"Radcliffe’s book, well grounded in theory and research, is an important read for scholars of Latin American development and gender. Highly recommended." - E. E. O'Connor (Choice) "Sarah Radcliffe's recent book offers a rich ethnography of indigenous women in Ecuador which specifically addresses how they encounter and experience development interventions." - Jessica Hope (Journal of Development Studies) "<i>Dilemmas of Difference</i> represents a timely contribution to the critical literature on indigenous women and development and to the debate of neoliberal instrumentalization of difference.... Overall, with a genealogy of development frameworks contrasted with indigenous women’s experience, Radcliffe demonstrates the persistence of postcolonial stereotypes and colonial assumptions of social difference that produce indigenous women’s dissatisfaction with development." - María Moreno (American Anthropologist) "Radcliffe’s book represents a powerful contribution to critical development studies and the discipline of geography." - Emily Billo (Journal of Latin American Geography)

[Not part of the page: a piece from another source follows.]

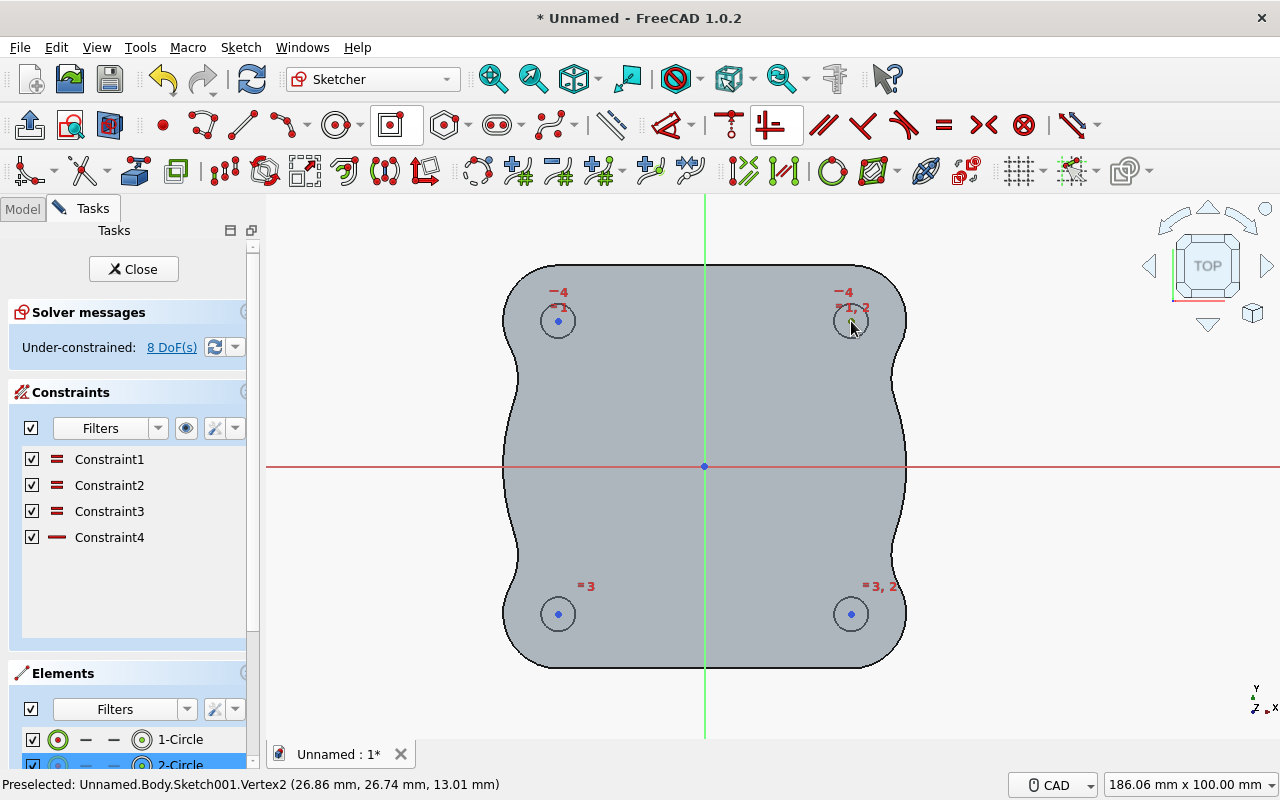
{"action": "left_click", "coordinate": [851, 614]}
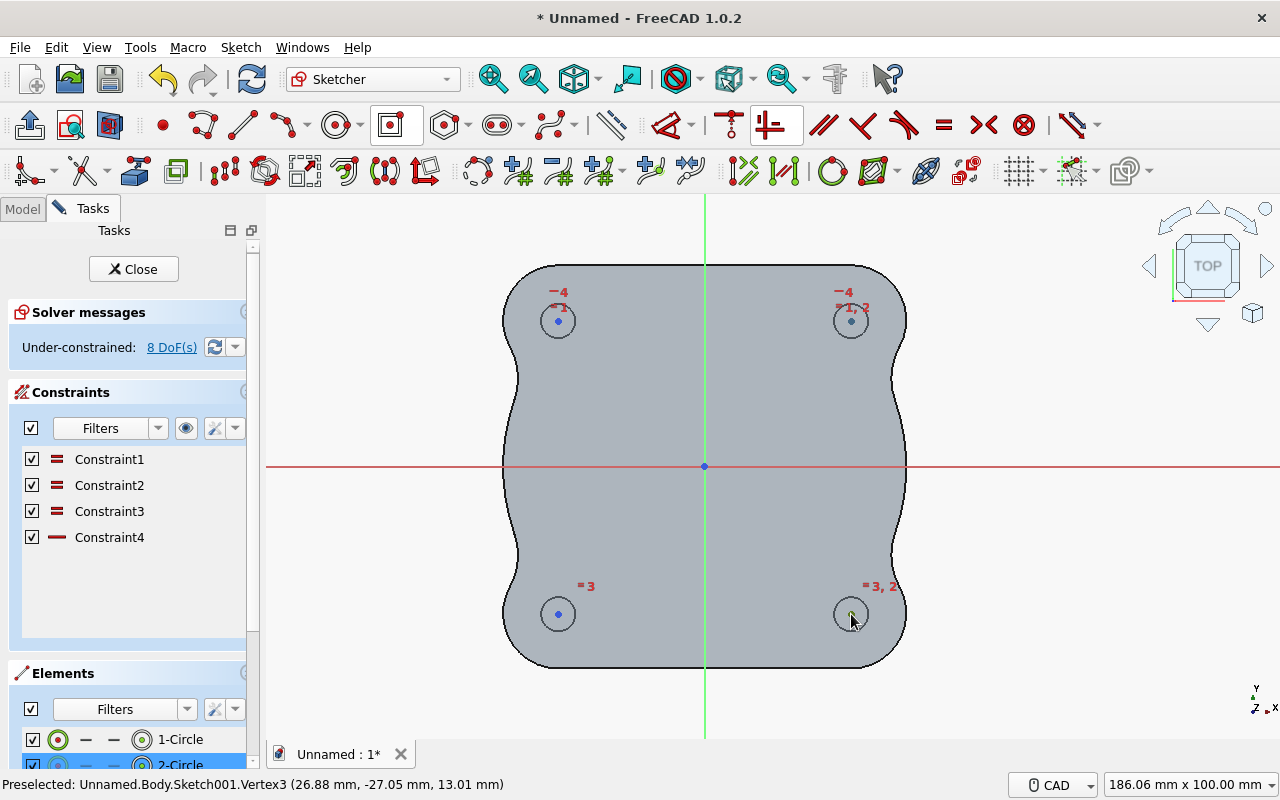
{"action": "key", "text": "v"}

In Dilemmas of Difference Sarah A. Radcliffe explores the relationship of rural indigenous women in Ecuador to the development policies and actors that are ostensibly there to help ameliorate social and economic inequality. Radcliffe finds that development policies’s inability to recognize and reckon with the legacies of colonialism reinforces long-standing social hierarchies, thereby reproducing the very poverty and disempowerment they are there to solve. This ineffectiveness results from failures to acknowledge the local population's diversity and a lack of accounting for the complex intersections of gender, race, ethnicity, class, and geography. As a result, projects often fail to match beneficiaries' needs, certain groups are made invisible, and indigenous women become excluded from positions of authority. Drawing from a mix of ethnographic fieldwork and postcolonial and social theory, Radcliffe centers the perspectives of indigenous women to show how they craft practices and epistemologies that critique ineffective development methods, inform their political agendas, and shape their strategic interventions in public policy debates.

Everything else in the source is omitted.